━━━ Data to process

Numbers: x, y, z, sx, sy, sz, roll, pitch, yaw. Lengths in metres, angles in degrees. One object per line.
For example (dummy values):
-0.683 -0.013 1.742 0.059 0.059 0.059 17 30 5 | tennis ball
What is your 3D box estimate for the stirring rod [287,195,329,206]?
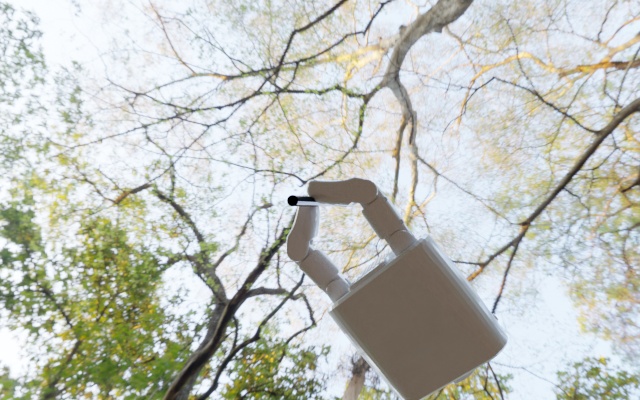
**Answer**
0.000 0.002 0.445 0.011 0.011 0.239 0 -1 9 | stirring rod

━━━━━━

Repeat word for word, and nothing more, the lines between the line containing "-0.683 -0.013 1.742" and the last line of the records above, inclusive, without pictures.

-0.683 -0.013 1.742 0.059 0.059 0.059 17 30 5 | tennis ball
What is your 3D box estimate for the stirring rod [287,195,329,206]?
**Answer**
0.000 0.002 0.445 0.011 0.011 0.239 0 -1 9 | stirring rod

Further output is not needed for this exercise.